Теперь он остался с девчонкой, белобрысым мальчишкой и старухой, которая кричит: «Бегите!» – но соплякам не хватает смекалки бросить все и спасать собственную шкуру. Девчонка шарит по полу в поисках гаечного ключа, а белобрысый кидается на Нельсона с ножом для вскрытия писем, который схватил со стола. Нельсон вынимает один из своих пистолетов и прицеливается в пацана – во-первых, он ближе других, во-вторых, Нельсона чертовски бесит, что это не Лев.

Ну, вообще-то, он хотел вытащить пистолет с транк-зарядами, но кто осудит его за то, что в суматохе он перепутал стволы?

Гремит выстрел, и на груди пацана расцветает неистово-красное пятно Роршаха. Кровь забрызгивает все вокруг. Мальчишка убит наповал.

– Нет! – верещит девка. – Ах ты сволочь!

И в этот момент, когда оба они стоят, подняв каждый свое оружие – Нельсон пистолет, а девчонка гаечный ключ – он узнает ее. Он узнает ее несмотря на новую прическу и изменившийся цвет глаз, и понимает: сегодня ему достанется шикарный приз. Очень ценный. Интересно, сколько Дюван отвалит за Рису Уорд?

Риса налетает на него в тот момент, когда он дотягивается свободной рукой до второго пистолета, и заезжает ключом ему по голове.
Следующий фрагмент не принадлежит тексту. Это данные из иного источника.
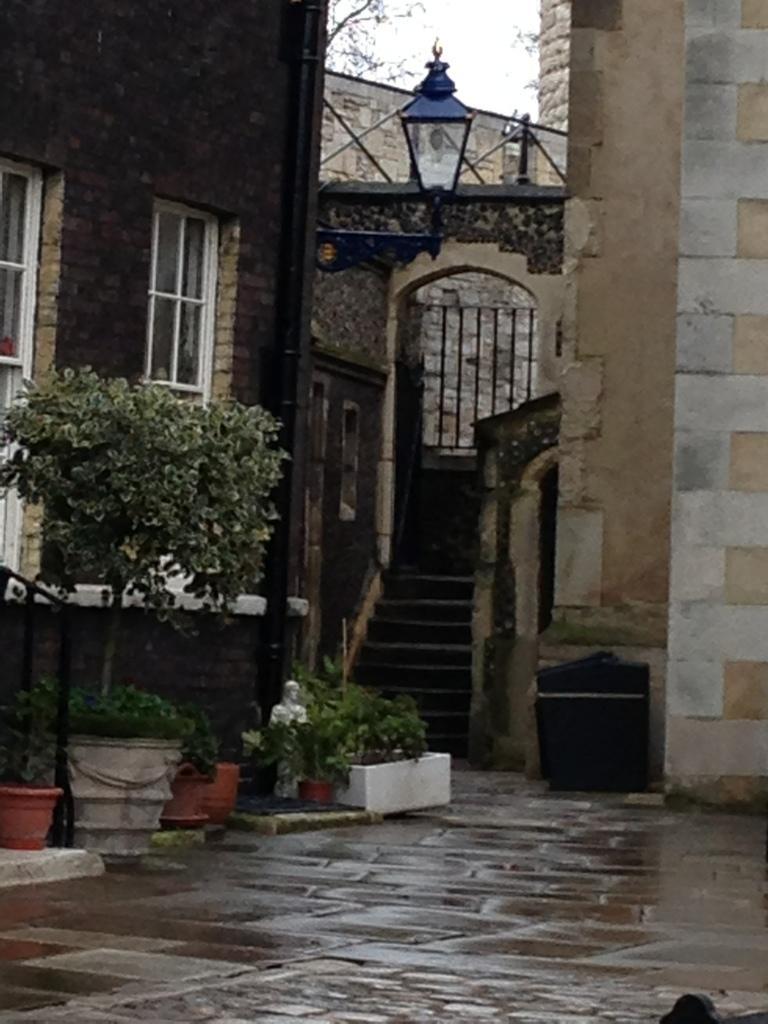In one or two sentences, can you explain what this image depicts? In this picture we can see few buildings, plants and trees, and also we can find few metal rods. 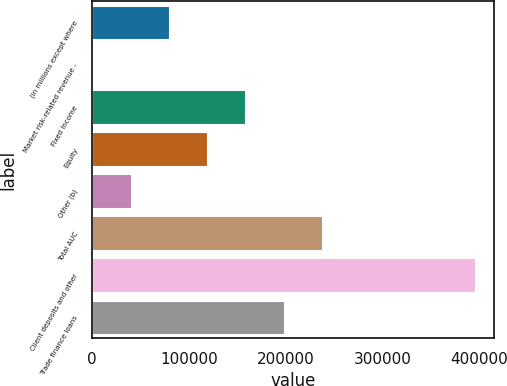Convert chart to OTSL. <chart><loc_0><loc_0><loc_500><loc_500><bar_chart><fcel>(in millions except where<fcel>Market risk-related revenue -<fcel>Fixed Income<fcel>Equity<fcel>Other (b)<fcel>Total AUC<fcel>Client deposits and other<fcel>Trade finance loans<nl><fcel>79066.6<fcel>9<fcel>158124<fcel>118595<fcel>39537.8<fcel>237182<fcel>395297<fcel>197653<nl></chart> 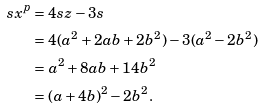<formula> <loc_0><loc_0><loc_500><loc_500>s x ^ { p } & = 4 s z - 3 s \\ & = 4 ( a ^ { 2 } + 2 a b + 2 b ^ { 2 } ) - 3 ( a ^ { 2 } - 2 b ^ { 2 } ) \\ & = a ^ { 2 } + 8 a b + 1 4 b ^ { 2 } \\ & = ( a + 4 b ) ^ { 2 } - 2 b ^ { 2 } .</formula> 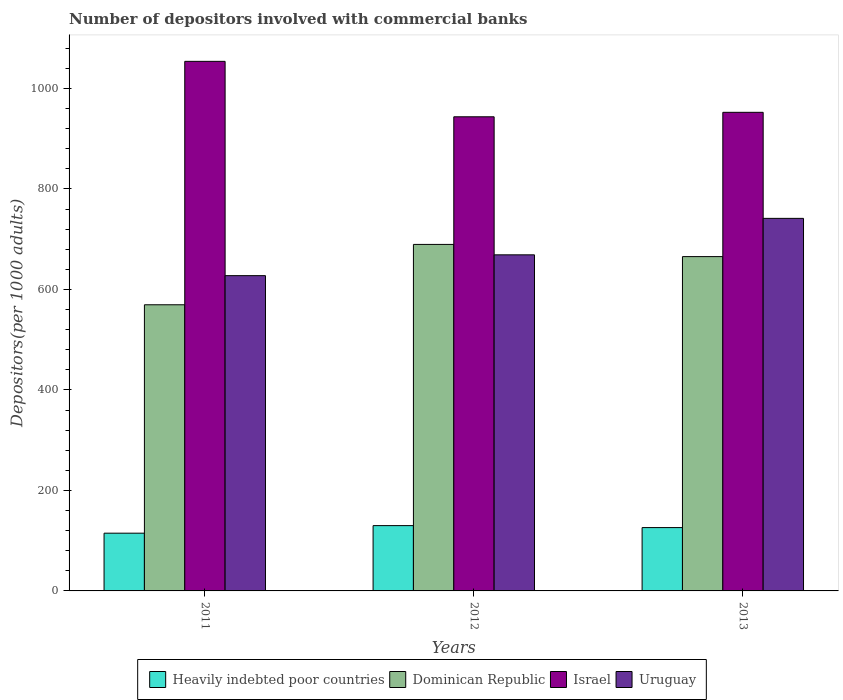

Удар приходится на ухо – чувствительно, но он переживет и эту боль, как пережил предыдущие. Нельсон утыкает ствол транк-пистолета девчонке в живот и нажимает на спуск. Заряд вонзается глубоко под кожу. Риса охает, роняет ключ и падает без сознания – Нельсон едва успевает ее подхватить.

Он бережно опускает ее на пол рядом с мертвым мальчишкой, а затем поворачивается к старухе, прикованной к стулу; та плачет.

– Это все твоя вина! – заявляет он. – Целиком и полностью. Смерть этого пацана на твоей совести, потому что ты мне соврала!

Карга может лишь реветь.

Теперь, когда бой окончен, Нельсон оценивает урон, нанесенный ему гаечным ключом. Видимо, раздроблена кость – голень распухла, кровь в ней болезненно пульсирует. Правое ухо горит огнем, тыльная сторона кисти побагровела и тоже вспухла. Ничего себе денек выдался. Ну да ладно, боль – это хорошо. Она высвободит массу эндорфинов и не даст расслабиться.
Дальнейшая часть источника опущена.